My rights have been trampled. YOUR rights have been trampled. We are the public.
But, we can make sure History reflects this truth.
I say, let Hawaii tell a thousand people their rights don’t matter. Let them put a thousand people in the position to sue the state of Hawaii for violating their constitutional rights. Let history reflect truthfully the character and integrity of the 44th President of the United States of America.
Making History by Sending UIPA Requests from a Dozen Email Addresses Under a Dozen Aliases…or More
The UIPA says anyone can write a records request under any name. And I believe now that this is really why the ‘Birther Law’ was enacted – to INTIMIDATE people into believing they have no rights to Obama’s vital records: “SO DON’T EVEN BOTHER TO ASK US.” But, the ‘birther law’ is just fluff. There is absolutely nothing illegal about writing multiple UIPA requests and state agencies cannot ignore any UIPA request that would grant disclosure. Now THAT would be illegal.
In terms of disclosing your personal identity, all the UIPA requires is that you provide enough contact information so that if disclosure is granted, an agency can send you the records you requested. The UIPA understands that people have a significant privacy interest in their names. Neither the HDOH nor the OIP have ever requested my real name, my address, nada. I usually request electronic versions of records to be sent to my email inbox. And there are a lot of free email addresses out there. Get some. Get many. It’s YOUR job to request Obama’s vital records.
And that’s why I am suggesting, today, that all willing people draft their own UIPA requests for Obama’s vital records and send them to the HDOH and then on to appeal with the OIP. Or just copy-n-paste my readymade sample request below word-for-word. Just please take action. This is our chance. This may be our only chance to protect our rights.
Personally, I believe it is the public’s duty to request the records the President and media refuse to deliver. It is the people’s responsibility to oversee the operations and actions of the government. If you don’t want to send a UIPA request, great. But, you leave yourself little room to object to Obama’s behavior. This effort to get to the truth and stand up for our rights requires the public to act on the laws given to them: the UIPA, the FOIA and all open records laws.
The HDOH has TEN days to respond to your request(s). If they don’t respond, or deny you access, or invoke the ‘birther law’ so they can ignore you, send your request on to appeal with the OIP. THAT IS YOUR LEGAL RIGHT. Tell the OIP to put their decision ‘on the record’ by issuing a proper formal DECISION in all it’s legal detail.

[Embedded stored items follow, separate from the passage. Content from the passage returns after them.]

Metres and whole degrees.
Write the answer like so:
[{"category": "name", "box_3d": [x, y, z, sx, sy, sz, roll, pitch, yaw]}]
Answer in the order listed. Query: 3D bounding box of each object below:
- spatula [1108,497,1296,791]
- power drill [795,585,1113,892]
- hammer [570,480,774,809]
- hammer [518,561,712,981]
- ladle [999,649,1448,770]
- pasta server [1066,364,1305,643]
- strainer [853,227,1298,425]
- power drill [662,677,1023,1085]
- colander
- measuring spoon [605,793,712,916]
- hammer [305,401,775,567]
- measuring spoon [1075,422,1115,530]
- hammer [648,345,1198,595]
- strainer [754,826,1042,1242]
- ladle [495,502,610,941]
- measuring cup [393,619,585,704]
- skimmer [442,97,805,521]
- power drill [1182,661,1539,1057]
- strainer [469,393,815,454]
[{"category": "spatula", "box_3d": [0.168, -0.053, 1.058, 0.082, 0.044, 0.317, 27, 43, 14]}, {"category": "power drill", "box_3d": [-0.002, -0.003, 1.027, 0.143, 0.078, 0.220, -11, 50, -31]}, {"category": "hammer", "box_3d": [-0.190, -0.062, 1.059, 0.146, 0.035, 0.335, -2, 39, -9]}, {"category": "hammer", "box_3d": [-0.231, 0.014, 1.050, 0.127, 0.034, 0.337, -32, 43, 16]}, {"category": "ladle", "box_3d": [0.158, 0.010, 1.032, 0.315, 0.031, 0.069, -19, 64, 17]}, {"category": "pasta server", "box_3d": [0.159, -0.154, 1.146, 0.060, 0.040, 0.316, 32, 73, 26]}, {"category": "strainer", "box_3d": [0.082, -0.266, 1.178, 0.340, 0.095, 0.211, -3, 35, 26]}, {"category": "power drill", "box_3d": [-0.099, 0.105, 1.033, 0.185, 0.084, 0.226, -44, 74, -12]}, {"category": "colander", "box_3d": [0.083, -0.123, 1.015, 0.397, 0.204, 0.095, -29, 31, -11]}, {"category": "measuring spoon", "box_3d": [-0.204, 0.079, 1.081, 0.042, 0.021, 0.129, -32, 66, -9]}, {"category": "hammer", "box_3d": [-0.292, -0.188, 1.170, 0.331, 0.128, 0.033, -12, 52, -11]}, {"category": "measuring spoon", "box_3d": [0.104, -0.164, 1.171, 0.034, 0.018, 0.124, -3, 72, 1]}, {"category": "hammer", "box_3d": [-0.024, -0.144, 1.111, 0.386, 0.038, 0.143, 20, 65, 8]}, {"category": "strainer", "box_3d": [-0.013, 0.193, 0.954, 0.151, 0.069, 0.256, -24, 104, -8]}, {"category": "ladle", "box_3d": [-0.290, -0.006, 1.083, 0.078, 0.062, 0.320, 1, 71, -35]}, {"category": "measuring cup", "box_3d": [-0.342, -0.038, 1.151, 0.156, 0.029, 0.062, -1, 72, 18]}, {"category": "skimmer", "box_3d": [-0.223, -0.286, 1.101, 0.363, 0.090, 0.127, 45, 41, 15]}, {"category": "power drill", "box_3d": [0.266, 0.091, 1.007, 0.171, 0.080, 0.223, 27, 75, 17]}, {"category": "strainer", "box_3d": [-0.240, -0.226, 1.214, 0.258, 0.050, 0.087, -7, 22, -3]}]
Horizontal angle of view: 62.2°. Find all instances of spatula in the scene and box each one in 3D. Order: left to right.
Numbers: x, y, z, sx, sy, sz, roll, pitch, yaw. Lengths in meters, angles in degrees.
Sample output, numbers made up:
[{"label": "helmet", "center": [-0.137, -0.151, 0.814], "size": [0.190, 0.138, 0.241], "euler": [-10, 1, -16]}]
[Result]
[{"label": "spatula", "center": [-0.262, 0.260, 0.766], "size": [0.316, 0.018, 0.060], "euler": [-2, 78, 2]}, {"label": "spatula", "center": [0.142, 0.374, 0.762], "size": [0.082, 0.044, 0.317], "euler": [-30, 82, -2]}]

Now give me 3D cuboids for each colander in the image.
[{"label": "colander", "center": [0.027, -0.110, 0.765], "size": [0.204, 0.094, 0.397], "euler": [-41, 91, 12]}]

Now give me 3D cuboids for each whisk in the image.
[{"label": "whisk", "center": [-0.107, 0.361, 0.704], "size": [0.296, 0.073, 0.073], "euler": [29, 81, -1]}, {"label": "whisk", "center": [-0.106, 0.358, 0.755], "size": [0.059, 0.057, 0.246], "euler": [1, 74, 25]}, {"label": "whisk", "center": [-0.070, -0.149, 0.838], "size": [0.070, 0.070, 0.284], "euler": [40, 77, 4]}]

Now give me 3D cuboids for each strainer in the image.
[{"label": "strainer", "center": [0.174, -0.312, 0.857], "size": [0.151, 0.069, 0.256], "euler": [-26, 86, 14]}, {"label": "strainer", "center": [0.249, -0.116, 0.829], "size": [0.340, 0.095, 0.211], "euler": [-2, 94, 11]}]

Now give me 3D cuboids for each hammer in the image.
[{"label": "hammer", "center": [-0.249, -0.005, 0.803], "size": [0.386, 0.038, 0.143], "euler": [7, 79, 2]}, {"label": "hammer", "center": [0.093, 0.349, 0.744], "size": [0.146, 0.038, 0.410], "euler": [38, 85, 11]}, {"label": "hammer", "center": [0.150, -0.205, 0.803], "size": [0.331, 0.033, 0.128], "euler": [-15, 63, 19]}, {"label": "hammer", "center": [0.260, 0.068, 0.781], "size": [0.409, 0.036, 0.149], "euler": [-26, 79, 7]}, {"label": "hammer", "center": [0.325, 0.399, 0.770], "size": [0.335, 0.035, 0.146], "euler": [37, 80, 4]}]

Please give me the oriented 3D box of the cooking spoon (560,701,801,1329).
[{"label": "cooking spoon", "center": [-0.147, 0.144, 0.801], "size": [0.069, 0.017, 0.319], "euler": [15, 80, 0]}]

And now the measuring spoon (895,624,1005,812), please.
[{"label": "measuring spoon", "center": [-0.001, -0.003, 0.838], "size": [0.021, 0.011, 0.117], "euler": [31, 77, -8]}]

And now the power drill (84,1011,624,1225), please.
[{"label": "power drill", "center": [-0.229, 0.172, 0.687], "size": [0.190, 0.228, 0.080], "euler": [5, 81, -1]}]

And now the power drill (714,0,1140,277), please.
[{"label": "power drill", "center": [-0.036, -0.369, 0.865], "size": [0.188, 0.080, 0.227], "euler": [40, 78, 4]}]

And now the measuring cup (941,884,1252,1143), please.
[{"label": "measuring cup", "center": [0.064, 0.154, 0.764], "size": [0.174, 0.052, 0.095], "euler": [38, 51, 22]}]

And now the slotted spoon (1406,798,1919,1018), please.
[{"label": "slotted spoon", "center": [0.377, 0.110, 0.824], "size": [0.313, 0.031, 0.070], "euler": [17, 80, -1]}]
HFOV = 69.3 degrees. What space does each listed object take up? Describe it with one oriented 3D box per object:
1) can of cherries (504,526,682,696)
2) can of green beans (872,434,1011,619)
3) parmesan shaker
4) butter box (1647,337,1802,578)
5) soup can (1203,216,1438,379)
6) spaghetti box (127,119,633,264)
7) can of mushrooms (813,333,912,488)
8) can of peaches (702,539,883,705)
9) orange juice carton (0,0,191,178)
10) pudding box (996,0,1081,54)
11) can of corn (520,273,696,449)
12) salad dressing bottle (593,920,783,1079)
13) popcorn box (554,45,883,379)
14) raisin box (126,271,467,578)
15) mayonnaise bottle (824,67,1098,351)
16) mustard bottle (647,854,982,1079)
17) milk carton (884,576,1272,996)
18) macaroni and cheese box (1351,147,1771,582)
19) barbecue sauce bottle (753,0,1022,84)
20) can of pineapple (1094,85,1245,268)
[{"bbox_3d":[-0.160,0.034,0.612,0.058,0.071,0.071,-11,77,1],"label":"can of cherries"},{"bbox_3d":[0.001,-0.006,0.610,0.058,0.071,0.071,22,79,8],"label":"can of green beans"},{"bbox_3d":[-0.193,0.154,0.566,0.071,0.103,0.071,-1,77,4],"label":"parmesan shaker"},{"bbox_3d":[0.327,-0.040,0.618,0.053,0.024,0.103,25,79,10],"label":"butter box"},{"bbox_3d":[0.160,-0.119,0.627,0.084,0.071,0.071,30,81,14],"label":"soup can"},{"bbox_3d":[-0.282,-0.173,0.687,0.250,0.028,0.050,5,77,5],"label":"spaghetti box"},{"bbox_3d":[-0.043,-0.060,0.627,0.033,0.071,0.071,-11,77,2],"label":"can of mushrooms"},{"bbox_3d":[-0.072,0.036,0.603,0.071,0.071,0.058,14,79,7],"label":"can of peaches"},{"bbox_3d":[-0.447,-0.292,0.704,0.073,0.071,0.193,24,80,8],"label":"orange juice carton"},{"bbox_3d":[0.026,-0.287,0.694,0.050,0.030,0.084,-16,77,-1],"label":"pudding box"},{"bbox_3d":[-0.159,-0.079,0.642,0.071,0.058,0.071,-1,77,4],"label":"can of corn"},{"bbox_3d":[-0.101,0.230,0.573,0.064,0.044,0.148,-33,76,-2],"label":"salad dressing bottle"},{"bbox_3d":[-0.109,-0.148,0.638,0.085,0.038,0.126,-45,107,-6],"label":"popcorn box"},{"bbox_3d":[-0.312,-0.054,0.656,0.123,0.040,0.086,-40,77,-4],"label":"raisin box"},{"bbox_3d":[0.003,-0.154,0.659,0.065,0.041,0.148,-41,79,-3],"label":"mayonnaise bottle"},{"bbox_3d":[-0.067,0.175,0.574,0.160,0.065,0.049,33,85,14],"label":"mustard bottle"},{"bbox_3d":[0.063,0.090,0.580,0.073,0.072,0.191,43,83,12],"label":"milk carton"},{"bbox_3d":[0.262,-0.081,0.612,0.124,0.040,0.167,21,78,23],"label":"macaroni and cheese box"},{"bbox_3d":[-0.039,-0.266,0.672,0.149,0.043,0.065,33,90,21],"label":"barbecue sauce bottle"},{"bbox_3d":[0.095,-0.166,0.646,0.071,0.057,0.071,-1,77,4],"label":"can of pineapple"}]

If the OIP wants to violate the public’s rights to information, to due process and equal protection under the law – if they want to deny a thousand people the right to an appeal decision – let them violate so many people’s rights that this becomes an unignorable liability for them. It’s their choice. If they believe they have negligible liability in violating the rights of only one person who is aware of their violation, let them do it to a thousand people or aliases who are also aware.
And while you are at it, you should demand that the OIP and HDOH tell you/us the exact ‘provision’ that applied to my request in September 2009. If these state agencies think they are busy now, let them dodge a thousand questions. The statute of limitations doesn’t care if they are busy. These are our rights and NO ONE has the right to deny them.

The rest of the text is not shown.